Apart from the early reports described above, the evidence on the existence of inhibition of delay in other preparations is controversial. That is, although a progressive increase in the latency of CR has been demonstrated in the conditioned suppression of instrumental behavior in rats (Hammond and Maser, 1970; Hendry and Van Toller, 1965; Millenson and Hendry, 1967; Smith et al., 1969; Zielinsky, 1966) and fear conditioning in dogs (Rescorla, 1967), in human and rabbit eyelid conditioning, the literature is ambiguous. For instance, while some studies of human eyelid conditioning reported increases in the latency of CR (Runquist and Muir, 1965) others showed decreases (Ebel and Prokasy, 1963; Hilgard and Campbell, 1936; Subosky, 1967). Likewise, most research conducted with rabbit eyelid conditioning reports that the CR latency decreases with training towards an asymptote at about half of the CS duration (e.g., Coleman and Gormezano, 1971; Gormezano, 1972; Salafia et al., 1974; Salafia et al., 1975; Schneiderman, 1966; Schneiderman and Gormezano, 1964; Smith et al., 1969), which is the opposite of an inhibition of delay effect.

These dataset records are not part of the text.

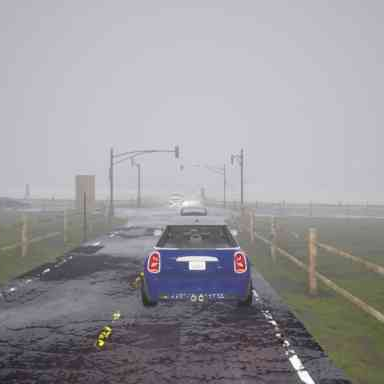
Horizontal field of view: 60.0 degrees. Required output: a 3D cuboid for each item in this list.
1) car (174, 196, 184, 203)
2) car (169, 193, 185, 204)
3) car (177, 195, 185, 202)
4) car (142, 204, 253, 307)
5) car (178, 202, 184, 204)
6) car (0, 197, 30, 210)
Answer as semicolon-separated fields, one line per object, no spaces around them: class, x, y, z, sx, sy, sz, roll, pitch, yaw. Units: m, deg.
car;-2.727;1.615;69.970;1.895;1.301;4.718;0;0;0
car;-2.833;1.237;59.949;2.150;2.045;5.566;0;0;0
car;-2.692;1.549;80.312;1.812;1.442;4.674;0;0;0
car;0.096;1.353;8.138;2.097;1.767;4.553;0;0;0
car;0.092;1.507;17.304;1.837;1.490;4.892;0;0;0
car;-20.079;1.216;36.424;4.181;1.385;1.994;1;0;0
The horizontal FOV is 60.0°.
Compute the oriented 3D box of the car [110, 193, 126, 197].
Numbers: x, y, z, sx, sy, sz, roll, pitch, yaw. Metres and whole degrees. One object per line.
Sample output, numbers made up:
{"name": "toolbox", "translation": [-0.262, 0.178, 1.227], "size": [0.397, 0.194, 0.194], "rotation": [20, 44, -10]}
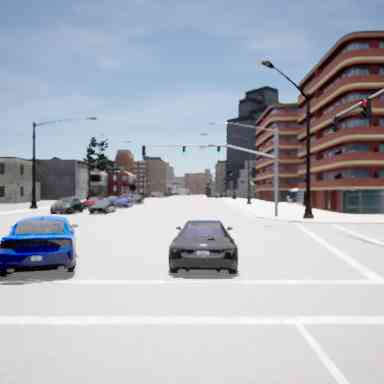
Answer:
{"name": "car", "translation": [-12.565, 1.315, 53.523], "size": [2.033, 1.411, 5.357], "rotation": [0, 1, 1]}

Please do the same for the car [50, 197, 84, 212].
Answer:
{"name": "car", "translation": [-12.915, 1.349, 34.551], "size": [2.097, 1.767, 4.553], "rotation": [0, 0, 1]}

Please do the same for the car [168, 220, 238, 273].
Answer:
{"name": "car", "translation": [0.397, 1.592, 10.799], "size": [1.994, 1.385, 4.181], "rotation": [0, 0, 3]}

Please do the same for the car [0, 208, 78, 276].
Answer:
{"name": "car", "translation": [-4.756, 1.496, 10.634], "size": [1.882, 1.535, 5.008], "rotation": [1, 0, -20]}

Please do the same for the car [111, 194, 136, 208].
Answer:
{"name": "car", "translation": [-9.243, 1.411, 45.140], "size": [1.812, 1.442, 4.674], "rotation": [0, 1, 1]}

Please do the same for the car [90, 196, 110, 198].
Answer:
{"name": "car", "translation": [-12.751, 1.379, 43.687], "size": [1.882, 1.535, 5.008], "rotation": [0, 1, 1]}

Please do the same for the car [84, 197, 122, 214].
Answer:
{"name": "car", "translation": [-9.402, 1.535, 35.558], "size": [2.033, 1.411, 5.357], "rotation": [0, 0, 1]}

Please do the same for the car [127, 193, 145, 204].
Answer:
{"name": "car", "translation": [-9.035, 1.252, 55.154], "size": [1.837, 1.490, 4.892], "rotation": [0, 1, 1]}
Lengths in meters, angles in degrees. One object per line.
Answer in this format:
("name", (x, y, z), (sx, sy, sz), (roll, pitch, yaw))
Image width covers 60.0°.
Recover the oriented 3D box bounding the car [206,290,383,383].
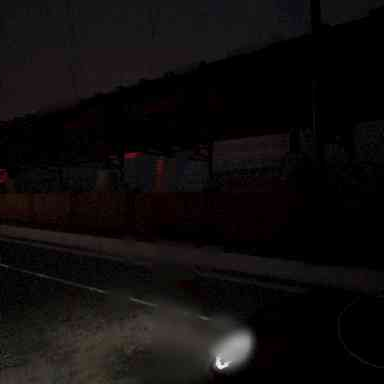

On the face of these controversial results, Vogel et al. (2003) suggested that the predominant absence of inhibition of delay seen in rabbit eyeblink conditioning could be due primarily to the fact that the reported data were based on moderate amounts of training, typically between eight and ten sessions, and with relatively short CSs, which might not be sufficient to observe the development of inhibition of delay. In agreement with this reasoning, Vogel et al. reported two experiments that demonstrated inhibition of delay when rabbits were trained with relatively long but not with short CSs. Specifically, in Experiment 2, two groups of rabbits received 20 daily sessions of eyelid conditioning training, in which a tone CS overlapped and terminated with a shock US. Each session consisted of 56 reinforced trials and 6 nonreinforced trials. For the animals in the group designated as "short CS group" (n=8), the CS was 250 ms duration, while in the group designated as "long CS group" (n=7), the CS was 1500 ms duration. Inhibition of delay was apparent in animals trained with the long 1500 ms CS but not in animals trained with the shorter-250 ms CS, whose CR latency decrease, rather than increased over training.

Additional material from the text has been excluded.